It’s a scorching Friday morning. Squinting out the sun is necessary. A small crowd occupies the few pockets of shade to be found near the entrance to Montréal’s Grand Bibliothèque. Performers gather in the public area wearing long, rough-sewn yellow vests, grey-blue street clothes and sunglasses. The intervention entitled Bells 13 is the Festival TransAmériques (FTA) edition of Robin Poitras’ Bell Works series, created for her Rouge-gorge performance company. In this instance, Poitras chose thirteen artists – all of them well respected for their own creative endeavours. They seem to have two directives: to walk in stream-like patterns with their folding stools and sleigh bells in hand, or to sit and make a clamouring din (loud enough to at least challenge the inextinguishable voice of the city).
The performers sit on their stools, their knees widespread and the bells strung over their thighs. They make a rhythmic baby-jouncing movement that is unembellished by other gestures. On such a hot day the effort of repetition shows itself in the sweat on their foreheads. The performers’ canary-coloured outfits make me think of crossing guards, but it is more satisfying to imagine them as Clydesdales or Morgans – the summertime calèche horses of Montréal’s Old Port – or as off-course reindeer decked out in bells. While sitting, the performers’ arms generally fall by their sides, unless they need to alleviate a stitch or burning hip flexor and then float their limbs in the air. They sit and bounce their knees in front of the library, their gaze forward and casual. Then again near the Saint Laurent Metro station, and again, ascendant on the concrete steps of a plaza near Place des Arts, before one by one gathering their things and wandering off in the direction of the festival’s Quartier Général.
There are few choreographic changes to watch for during the seated parts of the hour-long piece, but lots to hear in the constant clatter. Although the Place des Festivals was unfortunately busy with the music of other performances, Bells 13 is, in any case, best heard from within: the dynamic spacing of bodies invites observers to circulate between the sounds strewn across Poitras’ selected outdoor locations. As I meander between two performers, or find myself at the hub of three or four, I am rewarded with the stereophonic popping of the bells’ different tones and textures. With Cage-ian ears, audience members find the pulse of the song, lean in to it attentively and listen. The clashing ring is joyous. Poitras herself best embodies that lovely ecstasy of noise and seems buoyed by performing in the heat.

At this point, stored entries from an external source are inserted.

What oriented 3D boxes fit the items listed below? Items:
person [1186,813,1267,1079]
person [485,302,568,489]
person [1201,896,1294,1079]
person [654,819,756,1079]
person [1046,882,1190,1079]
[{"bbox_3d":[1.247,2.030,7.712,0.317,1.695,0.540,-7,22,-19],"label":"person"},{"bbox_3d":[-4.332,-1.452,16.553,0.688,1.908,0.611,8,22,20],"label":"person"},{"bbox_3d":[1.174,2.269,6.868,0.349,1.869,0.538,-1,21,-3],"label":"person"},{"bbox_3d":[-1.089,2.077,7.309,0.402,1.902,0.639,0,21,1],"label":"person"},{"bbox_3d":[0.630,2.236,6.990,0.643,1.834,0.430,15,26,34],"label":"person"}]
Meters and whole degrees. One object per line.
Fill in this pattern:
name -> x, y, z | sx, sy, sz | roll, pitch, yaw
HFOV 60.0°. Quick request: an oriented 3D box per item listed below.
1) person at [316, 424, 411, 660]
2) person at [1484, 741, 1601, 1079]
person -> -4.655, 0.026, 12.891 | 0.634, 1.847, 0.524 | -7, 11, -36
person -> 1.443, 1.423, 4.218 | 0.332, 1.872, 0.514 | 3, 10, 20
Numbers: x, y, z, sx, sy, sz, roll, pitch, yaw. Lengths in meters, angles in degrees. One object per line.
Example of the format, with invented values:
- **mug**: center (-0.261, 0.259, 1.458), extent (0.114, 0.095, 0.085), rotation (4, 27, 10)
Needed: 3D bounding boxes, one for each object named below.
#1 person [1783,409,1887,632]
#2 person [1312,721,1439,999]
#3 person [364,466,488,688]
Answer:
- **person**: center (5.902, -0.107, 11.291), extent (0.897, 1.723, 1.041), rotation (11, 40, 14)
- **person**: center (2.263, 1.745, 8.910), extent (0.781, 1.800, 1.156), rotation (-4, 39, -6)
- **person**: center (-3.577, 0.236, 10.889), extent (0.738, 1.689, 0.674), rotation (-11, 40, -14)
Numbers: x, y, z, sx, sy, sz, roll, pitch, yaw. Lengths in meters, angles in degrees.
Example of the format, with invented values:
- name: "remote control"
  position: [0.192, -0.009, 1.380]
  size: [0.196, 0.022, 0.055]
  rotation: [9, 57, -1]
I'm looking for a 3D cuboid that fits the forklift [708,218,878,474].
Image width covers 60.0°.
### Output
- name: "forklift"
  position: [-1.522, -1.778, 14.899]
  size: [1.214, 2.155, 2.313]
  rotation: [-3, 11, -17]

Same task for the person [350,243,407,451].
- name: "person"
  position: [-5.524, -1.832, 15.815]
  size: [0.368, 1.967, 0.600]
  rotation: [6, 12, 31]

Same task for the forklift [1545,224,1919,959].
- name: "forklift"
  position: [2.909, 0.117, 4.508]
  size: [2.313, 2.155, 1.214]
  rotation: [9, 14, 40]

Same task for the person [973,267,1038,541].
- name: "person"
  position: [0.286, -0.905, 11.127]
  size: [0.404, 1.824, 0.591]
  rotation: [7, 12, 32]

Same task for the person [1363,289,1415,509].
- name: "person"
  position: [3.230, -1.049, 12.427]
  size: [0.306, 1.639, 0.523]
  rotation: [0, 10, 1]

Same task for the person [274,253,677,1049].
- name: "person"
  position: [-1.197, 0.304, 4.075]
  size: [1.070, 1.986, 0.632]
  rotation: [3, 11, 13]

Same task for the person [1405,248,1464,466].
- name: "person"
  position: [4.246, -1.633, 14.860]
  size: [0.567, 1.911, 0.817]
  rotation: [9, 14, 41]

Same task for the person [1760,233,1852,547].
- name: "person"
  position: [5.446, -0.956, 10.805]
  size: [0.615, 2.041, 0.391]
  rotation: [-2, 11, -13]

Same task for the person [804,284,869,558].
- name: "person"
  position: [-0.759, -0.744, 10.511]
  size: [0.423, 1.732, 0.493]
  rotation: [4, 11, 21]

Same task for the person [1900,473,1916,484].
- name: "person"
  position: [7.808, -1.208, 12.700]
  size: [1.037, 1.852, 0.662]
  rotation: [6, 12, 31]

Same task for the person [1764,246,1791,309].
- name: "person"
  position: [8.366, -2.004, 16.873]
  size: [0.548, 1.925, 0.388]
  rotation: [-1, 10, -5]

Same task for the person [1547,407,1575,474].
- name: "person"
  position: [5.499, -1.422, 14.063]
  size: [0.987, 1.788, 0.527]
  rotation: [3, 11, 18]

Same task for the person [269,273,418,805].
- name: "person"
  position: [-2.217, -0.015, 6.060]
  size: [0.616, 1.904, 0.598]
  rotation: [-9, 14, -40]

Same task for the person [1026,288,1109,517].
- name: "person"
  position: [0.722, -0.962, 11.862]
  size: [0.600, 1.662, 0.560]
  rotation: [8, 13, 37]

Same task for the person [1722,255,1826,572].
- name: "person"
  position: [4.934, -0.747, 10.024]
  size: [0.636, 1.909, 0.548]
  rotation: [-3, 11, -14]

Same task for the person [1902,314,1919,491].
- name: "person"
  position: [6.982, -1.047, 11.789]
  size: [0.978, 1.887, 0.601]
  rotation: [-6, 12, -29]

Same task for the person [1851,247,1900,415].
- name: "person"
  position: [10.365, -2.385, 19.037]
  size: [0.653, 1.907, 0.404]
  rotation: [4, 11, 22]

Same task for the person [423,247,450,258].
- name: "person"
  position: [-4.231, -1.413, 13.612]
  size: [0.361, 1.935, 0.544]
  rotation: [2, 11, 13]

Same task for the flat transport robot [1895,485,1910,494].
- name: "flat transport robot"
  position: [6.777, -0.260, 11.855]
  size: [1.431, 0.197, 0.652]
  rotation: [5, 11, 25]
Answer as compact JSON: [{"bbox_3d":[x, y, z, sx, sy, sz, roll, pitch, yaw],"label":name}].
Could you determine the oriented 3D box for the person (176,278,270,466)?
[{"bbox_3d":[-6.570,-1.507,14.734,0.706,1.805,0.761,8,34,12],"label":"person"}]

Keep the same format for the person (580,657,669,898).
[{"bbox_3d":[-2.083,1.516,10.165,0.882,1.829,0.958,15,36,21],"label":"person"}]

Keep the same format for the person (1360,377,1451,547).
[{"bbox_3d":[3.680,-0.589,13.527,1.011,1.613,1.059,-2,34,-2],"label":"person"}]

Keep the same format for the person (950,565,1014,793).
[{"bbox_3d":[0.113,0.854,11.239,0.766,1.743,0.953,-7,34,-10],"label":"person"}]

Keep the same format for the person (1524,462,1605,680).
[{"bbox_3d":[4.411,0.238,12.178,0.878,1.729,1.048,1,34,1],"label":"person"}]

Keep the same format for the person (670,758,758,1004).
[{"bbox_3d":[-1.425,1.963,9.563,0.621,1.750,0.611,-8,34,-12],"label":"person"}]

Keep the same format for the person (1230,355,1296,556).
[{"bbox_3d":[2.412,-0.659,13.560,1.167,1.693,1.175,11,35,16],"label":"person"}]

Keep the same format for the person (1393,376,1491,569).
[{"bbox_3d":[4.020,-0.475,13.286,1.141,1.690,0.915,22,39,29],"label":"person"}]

Between sit-ins, the performers make processions single- or double-file, first west along De Maisonneuve and then continuing along Sainte-Catherine. They hold their bells ceremoniously in the crooks of their left elbows, palms upturned. The audience falls in step and together we form a parade, the performers’ pollen-tinted vests reminding me of a procession of Tibetan monks. I hear passersby wonder aloud if last year’s casseroles protests may have started up again under new colours, but with old sounds.